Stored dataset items
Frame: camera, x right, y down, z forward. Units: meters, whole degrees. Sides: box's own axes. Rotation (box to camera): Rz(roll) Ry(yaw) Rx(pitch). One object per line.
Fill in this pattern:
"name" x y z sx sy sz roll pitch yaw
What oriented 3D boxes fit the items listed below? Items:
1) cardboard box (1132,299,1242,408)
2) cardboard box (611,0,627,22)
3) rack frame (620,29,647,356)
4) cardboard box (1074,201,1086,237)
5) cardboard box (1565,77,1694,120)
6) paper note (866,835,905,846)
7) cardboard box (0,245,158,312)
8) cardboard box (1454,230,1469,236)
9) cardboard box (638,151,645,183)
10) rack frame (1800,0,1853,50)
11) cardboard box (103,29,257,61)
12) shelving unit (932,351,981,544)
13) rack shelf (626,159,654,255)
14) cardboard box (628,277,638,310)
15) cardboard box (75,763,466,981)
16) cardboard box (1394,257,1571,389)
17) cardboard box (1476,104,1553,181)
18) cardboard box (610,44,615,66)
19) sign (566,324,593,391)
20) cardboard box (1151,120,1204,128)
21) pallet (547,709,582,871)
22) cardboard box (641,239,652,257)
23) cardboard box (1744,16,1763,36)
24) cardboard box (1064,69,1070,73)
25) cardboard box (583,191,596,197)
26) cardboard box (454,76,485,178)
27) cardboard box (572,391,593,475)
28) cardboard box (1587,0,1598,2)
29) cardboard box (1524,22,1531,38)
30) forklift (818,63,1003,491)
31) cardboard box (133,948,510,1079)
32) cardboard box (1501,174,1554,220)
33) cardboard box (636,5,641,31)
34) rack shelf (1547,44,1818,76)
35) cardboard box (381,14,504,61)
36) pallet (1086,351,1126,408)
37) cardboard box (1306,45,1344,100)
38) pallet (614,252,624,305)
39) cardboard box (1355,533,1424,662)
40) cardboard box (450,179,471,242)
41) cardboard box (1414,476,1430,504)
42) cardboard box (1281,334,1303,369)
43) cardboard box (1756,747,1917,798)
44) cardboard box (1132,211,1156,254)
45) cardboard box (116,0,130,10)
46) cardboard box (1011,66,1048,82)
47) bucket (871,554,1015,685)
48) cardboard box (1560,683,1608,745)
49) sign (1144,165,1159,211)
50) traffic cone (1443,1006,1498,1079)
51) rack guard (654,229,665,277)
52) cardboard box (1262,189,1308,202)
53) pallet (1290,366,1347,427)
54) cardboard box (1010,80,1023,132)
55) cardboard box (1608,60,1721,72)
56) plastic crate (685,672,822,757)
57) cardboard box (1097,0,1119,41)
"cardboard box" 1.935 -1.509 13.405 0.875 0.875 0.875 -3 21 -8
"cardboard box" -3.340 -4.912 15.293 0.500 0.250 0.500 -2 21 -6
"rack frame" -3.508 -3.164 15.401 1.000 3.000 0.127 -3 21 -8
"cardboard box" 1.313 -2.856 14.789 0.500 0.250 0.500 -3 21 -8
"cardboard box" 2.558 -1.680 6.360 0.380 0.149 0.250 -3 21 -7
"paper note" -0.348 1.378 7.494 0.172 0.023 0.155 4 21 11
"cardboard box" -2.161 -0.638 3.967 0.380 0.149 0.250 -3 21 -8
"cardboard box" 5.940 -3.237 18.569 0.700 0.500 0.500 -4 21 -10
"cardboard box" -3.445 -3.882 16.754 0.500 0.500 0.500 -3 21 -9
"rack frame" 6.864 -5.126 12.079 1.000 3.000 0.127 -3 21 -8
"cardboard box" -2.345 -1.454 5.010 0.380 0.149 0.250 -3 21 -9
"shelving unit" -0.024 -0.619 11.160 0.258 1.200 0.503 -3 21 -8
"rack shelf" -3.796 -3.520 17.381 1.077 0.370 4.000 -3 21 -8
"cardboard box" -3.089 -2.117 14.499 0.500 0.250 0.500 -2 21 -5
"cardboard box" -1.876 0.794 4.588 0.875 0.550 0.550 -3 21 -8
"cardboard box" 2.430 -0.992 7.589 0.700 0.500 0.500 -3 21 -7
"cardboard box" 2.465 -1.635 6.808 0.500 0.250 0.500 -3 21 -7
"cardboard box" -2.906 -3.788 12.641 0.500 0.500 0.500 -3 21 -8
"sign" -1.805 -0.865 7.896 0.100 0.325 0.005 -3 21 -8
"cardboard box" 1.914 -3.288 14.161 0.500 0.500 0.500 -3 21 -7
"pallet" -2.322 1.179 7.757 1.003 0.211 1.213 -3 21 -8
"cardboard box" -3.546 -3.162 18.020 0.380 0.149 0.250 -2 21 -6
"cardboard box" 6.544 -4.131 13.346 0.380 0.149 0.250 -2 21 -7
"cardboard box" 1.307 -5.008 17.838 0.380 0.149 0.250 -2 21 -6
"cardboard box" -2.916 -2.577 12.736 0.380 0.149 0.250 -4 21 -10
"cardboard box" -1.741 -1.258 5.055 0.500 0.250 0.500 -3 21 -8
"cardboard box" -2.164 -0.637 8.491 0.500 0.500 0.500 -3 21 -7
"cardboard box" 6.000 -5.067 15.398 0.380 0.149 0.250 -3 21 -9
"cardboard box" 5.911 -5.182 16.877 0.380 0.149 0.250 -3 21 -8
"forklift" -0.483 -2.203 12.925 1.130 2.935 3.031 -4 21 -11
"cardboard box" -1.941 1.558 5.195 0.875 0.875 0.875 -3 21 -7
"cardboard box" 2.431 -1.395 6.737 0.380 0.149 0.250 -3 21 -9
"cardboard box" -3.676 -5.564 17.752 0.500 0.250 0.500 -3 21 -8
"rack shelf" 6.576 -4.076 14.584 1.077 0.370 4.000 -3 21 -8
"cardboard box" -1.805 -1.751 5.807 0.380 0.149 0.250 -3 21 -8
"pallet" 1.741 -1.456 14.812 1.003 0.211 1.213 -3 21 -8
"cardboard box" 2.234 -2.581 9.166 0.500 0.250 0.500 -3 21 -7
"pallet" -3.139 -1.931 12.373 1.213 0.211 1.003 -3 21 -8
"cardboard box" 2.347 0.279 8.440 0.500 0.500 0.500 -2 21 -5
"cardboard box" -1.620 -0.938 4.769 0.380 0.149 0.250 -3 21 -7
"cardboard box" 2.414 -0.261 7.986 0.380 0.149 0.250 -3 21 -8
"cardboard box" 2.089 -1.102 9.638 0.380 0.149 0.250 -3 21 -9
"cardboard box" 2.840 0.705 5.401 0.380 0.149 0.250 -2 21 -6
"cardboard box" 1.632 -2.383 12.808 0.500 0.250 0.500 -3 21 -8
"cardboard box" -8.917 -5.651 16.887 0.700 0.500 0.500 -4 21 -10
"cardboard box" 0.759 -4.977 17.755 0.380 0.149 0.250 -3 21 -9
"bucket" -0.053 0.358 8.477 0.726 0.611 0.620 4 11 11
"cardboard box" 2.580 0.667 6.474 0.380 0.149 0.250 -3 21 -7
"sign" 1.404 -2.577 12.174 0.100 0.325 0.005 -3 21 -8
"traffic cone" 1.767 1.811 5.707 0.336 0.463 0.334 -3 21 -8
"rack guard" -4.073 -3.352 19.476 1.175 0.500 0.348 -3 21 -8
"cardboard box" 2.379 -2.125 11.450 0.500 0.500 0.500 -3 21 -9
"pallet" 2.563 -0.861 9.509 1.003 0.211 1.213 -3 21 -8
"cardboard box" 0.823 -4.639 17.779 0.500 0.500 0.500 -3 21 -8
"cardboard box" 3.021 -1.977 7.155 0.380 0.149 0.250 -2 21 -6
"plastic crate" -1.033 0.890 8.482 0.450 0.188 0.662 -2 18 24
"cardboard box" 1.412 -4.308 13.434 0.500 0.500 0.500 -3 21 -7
* * *
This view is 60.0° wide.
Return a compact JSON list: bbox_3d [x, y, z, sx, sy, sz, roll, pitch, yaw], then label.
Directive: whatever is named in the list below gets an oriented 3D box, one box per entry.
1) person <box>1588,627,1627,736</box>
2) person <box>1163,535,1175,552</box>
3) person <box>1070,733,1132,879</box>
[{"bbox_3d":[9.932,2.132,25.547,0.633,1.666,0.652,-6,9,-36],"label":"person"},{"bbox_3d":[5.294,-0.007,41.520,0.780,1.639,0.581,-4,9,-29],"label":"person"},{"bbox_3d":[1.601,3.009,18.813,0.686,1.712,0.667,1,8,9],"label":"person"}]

> Task objective:
Every line in the records above with the string "roll" in it should be shown.

> Reply to the task:
Frame: camera, x right, y down, z forward. Units: meters, whole degrees. Sides: box's own axes. Rotation (box to camera): Rz(roll) Ry(yaw) Rx(pitch). One object per line.
"name" x y z sx sy sz roll pitch yaw
Return a compact JSON list: bbox_3d [x, y, z, sx, sy, sz, roll, pitch, yaw], then label.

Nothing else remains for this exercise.